- WHAT IS NEEDED
Pull out every line in the data that has the string "units" in it.

=== Begin Enclosure ===

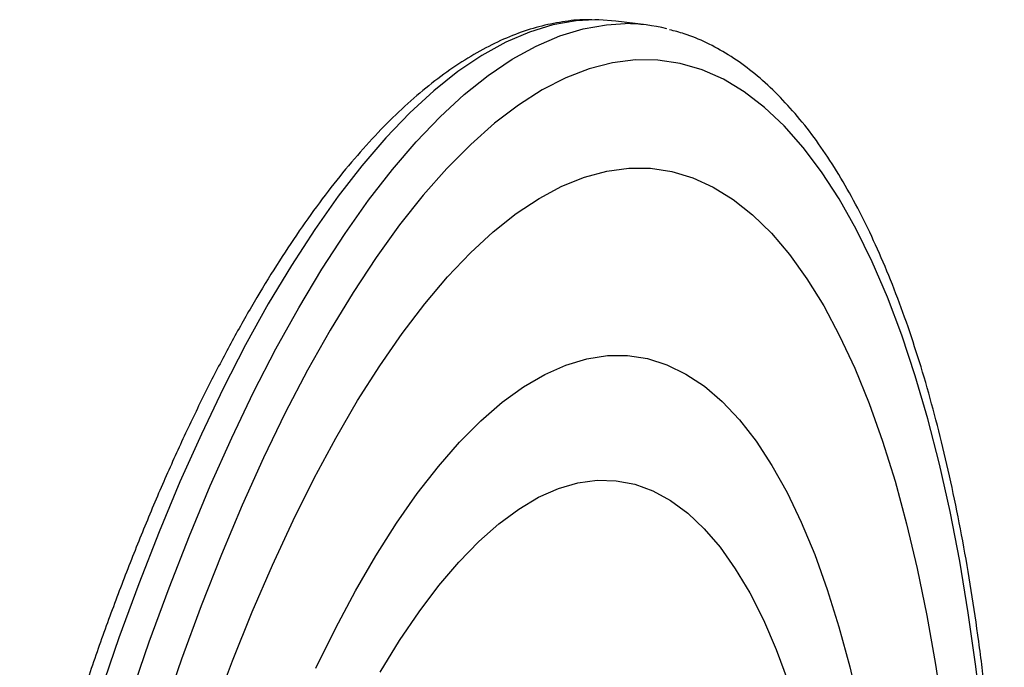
# Paper-space layout '_Dimétrica' of a CAD drawing. Header units: millimetres. Extents: x -117 to 37, y -191 to 92.
# Tile 7 of 7: x -80 to 14, y 30 to 92. Entities that reach past the tile are written whole.
import ezdxf

# ---------------------------------------------------------------- set-up
doc = ezdxf.new("R2010")
doc.units = ezdxf.units.MM

psp = doc.layouts.new('_Dimétrica')

# ---------------------------------------------------------------- linework, layer by layer
at = {"color": 7, "linetype": 'Continuous', "lineweight": 25}
psp.add_line((-20.006, 91.592), (-22.905, 91.957), dxfattribs=at)
at = {"color": 8, "linetype": 'Continuous', "lineweight": 25, "flags": 128}
for points in [[(-24.906, 92.082), (-26.701, 91.983), (-28.918, 91.595), (-31.16, 90.915), (-33.421, 89.944), (-35.698, 88.684), (-37.985, 87.138), (-40.277, 85.309), (-42.571, 83.2), (-44.86, 80.817), (-47.141, 78.164), (-49.409, 75.246), (-51.659, 72.07), (-53.886, 68.642), (-56.085, 64.97), (-58.253, 61.06), (-60.385, 56.921), (-62.476, 52.562), (-64.521, 47.992), (-66.518, 43.219), (-68.46, 38.255), (-70.346, 33.109), (-72.17, 27.792)], [(-69.271, 27.426), (-67.447, 32.744), (-65.562, 37.89), (-63.619, 42.854), (-61.622, 47.627), (-59.577, 52.197), (-57.486, 56.556), (-55.354, 60.695), (-53.186, 64.604), (-50.987, 68.277), (-48.76, 71.705), (-46.51, 74.881), (-44.242, 77.799), (-41.961, 80.452), (-39.672, 82.835), (-37.378, 84.944), (-35.086, 86.773), (-32.799, 88.319), (-30.522, 89.579), (-28.261, 90.549), (-26.019, 91.23), (-23.802, 91.617), (-22.007, 91.717)], [(12.098, 25.104), (11.473, 30.388), (10.748, 35.5), (9.923, 40.43), (9.002, 45.166), (7.986, 49.699), (6.877, 54.019), (5.677, 58.117), (4.389, 61.985), (3.016, 65.613), (1.561, 68.994), (0.026, 72.121), (-1.584, 74.987), (-3.267, 77.586), (-5.02, 79.913), (-6.837, 81.963), (-8.715, 83.731), (-10.651, 85.213), (-12.64, 86.406), (-14.678, 87.309), (-16.761, 87.918), (-18.883, 88.232), (-21.042, 88.252), (-23.231, 87.976), (-25.446, 87.406), (-27.684, 86.542), (-29.938, 85.387), (-32.204, 83.942), (-34.477, 82.212), (-36.752, 80.199), (-39.025, 77.908), (-41.291, 75.345), (-43.545, 72.513), (-45.781, 69.42), (-47.996, 66.072), (-50.184, 62.476), (-52.34, 58.64), (-54.462, 54.572), (-56.542, 50.28), (-58.139, 46.774)], [(-61.312, 26.084), (-59.495, 30.933), (-57.621, 35.595), (-55.695, 40.06), (-53.722, 44.317), (-51.706, 48.357), (-49.652, 52.17), (-47.563, 55.749), (-45.446, 59.083), (-43.306, 62.167), (-41.146, 64.992), (-38.972, 67.552), (-36.789, 69.842), (-34.602, 71.855), (-32.415, 73.588), (-30.235, 75.037), (-28.066, 76.197), (-25.913, 77.067), (-23.781, 77.645), (-21.675, 77.928), (-19.6, 77.917), (-17.56, 77.611), (-15.56, 77.012), (-13.605, 76.12), (-11.699, 74.938), (-9.847, 73.468), (-8.053, 71.713), (-6.321, 69.679), (-4.655, 67.369), (-3.059, 64.788), (-1.536, 61.943), (-0.091, 58.841), (1.274, 55.487), (2.556, 51.891), (3.751, 48.06), (4.857, 44.003), (5.872, 39.73), (6.792, 35.25), (7.616, 30.574), (8.342, 25.712)], [(-51.553, 30.216), (-49.683, 34.023), (-47.774, 37.604), (-45.83, 40.949), (-43.857, 44.048), (-41.86, 46.892), (-39.845, 49.476), (-37.817, 51.79), (-35.782, 53.83), (-33.744, 55.59), (-31.71, 57.065), (-29.685, 58.25), (-27.674, 59.144), (-25.683, 59.743), (-23.717, 60.045), (-21.782, 60.051), (-19.883, 59.759), (-18.024, 59.171), (-16.211, 58.289), (-14.449, 57.114), (-12.743, 55.65), (-11.096, 53.901), (-9.514, 51.871), (-8.001, 49.567), (-6.561, 46.993), (-5.197, 44.158), (-3.914, 41.069), (-2.715, 37.733), (-1.603, 34.161), (-0.581, 30.361), (0.348, 26.345)], [(-45.405, 29.857), (-43.564, 32.858), (-41.697, 35.611), (-39.811, 38.109), (-37.91, 40.343), (-36.001, 42.307), (-34.089, 43.995), (-32.179, 45.402), (-30.279, 46.524), (-28.392, 47.358), (-26.525, 47.9), (-24.684, 48.151), (-22.873, 48.107), (-21.099, 47.771), (-19.366, 47.142), (-17.68, 46.223), (-16.046, 45.016), (-14.469, 43.526), (-12.953, 41.755), (-11.503, 39.711), (-10.123, 37.398), (-8.817, 34.825), (-7.59, 31.997), (-6.444, 28.925)]]:
    psp.add_lwpolyline(points, dxfattribs=at)
at = {"color": 7, "linetype": 'Continuous', "lineweight": 25, "flags": 128}
for points in [[(-22.905, 91.957), (-24.513, 92.077), (-24.906, 92.082)], [(-58.139, 46.774), (-58.578, 45.775), (-60.565, 41.065), (-62.499, 36.16), (-64.375, 31.071), (-66.189, 25.81)]]:
    psp.add_lwpolyline(points, dxfattribs=at)
at = {"color": 7, "linetype": 'Continuous', "lineweight": 25}
psp.add_arc((-21.995, 75.807), 15.91, 75.59301, 90.0423, dxfattribs=at)
for points, knots in [([(-25.186, 92.073), (-25.39, 92.081), (-26.326, 92.116), (-28.017, 91.914), (-30.252, 91.461), (-32.504, 90.724), (-34.772, 89.727), (-37.053, 88.46), (-39.341, 86.927), (-41.629, 85.128), (-43.911, 83.07), (-46.18, 80.757), (-48.431, 78.198), (-50.659, 75.399), (-52.861, 72.369), (-55.033, 69.114), (-57.173, 65.641), (-59.277, 61.956), (-61.344, 58.067), (-63.369, 53.98), (-65.35, 49.703), (-67.285, 45.244), (-69.169, 40.611), (-71, 35.813), (-72.776, 30.858), (-74.492, 25.754), (-76.147, 20.514), (-77.734, 15.138), (-78.96, 10.771), (-79.631, 8.161), (-79.821, 7.423)], [0, 0, 0, 0, 0.009833, 0.045233, 0.080871, 0.116911, 0.153438, 0.190454, 0.227891, 0.265646, 0.303608, 0.341683, 0.379802, 0.417913, 0.455989, 0.494022, 0.532008, 0.569946, 0.60784, 0.645694, 0.683511, 0.721294, 0.759049, 0.796779, 0.834486, 0.872173, 0.909843, 0.947498, 0.985141, 1, 1, 1, 1]), ([(13.546, -27.686), (13.637, -26.039), (13.838, -22.387), (14.036, -16.787), (14.163, -10.89), (14.193, -5.067), (14.128, 0.674), (13.969, 6.321), (13.714, 11.863), (13.366, 17.292), (12.923, 22.597), (12.388, 27.768), (11.759, 32.796), (11.039, 37.673), (10.228, 42.388), (9.327, 46.935), (8.338, 51.304), (7.26, 55.489), (6.096, 59.481), (4.845, 63.275), (3.51, 66.862), (2.091, 70.238), (0.588, 73.395), (-0.997, 76.326), (-2.665, 79.026), (-4.413, 81.487), (-6.24, 83.7), (-8.141, 85.657), (-10.112, 87.35), (-12.144, 88.775), (-14.229, 89.913), (-16.103, 90.711), (-17.301, 91.015), (-17.768, 91.134)], [0, 0, 0, 0, 0.026901, 0.059654, 0.092412, 0.125176, 0.157948, 0.190727, 0.223517, 0.256318, 0.289133, 0.321962, 0.354809, 0.387675, 0.420563, 0.453477, 0.48642, 0.519395, 0.552406, 0.585456, 0.61855, 0.651688, 0.684871, 0.718092, 0.75134, 0.78458, 0.81776, 0.850806, 0.883622, 0.916105, 0.948168, 0.979778, 1, 1, 1, 1])]:
    psp.add_open_spline(points, degree=3, knots=knots, dxfattribs=at)

doc.saveas('drawing.dxf')

=== End Enclosure ===

- SOLUTION FOR THIS TASK
# Paper-space layout '_Dimétrica' of a CAD drawing. Header units: millimetres. Extents: x -117 to 37, y -191 to 92.
doc.units = ezdxf.units.MM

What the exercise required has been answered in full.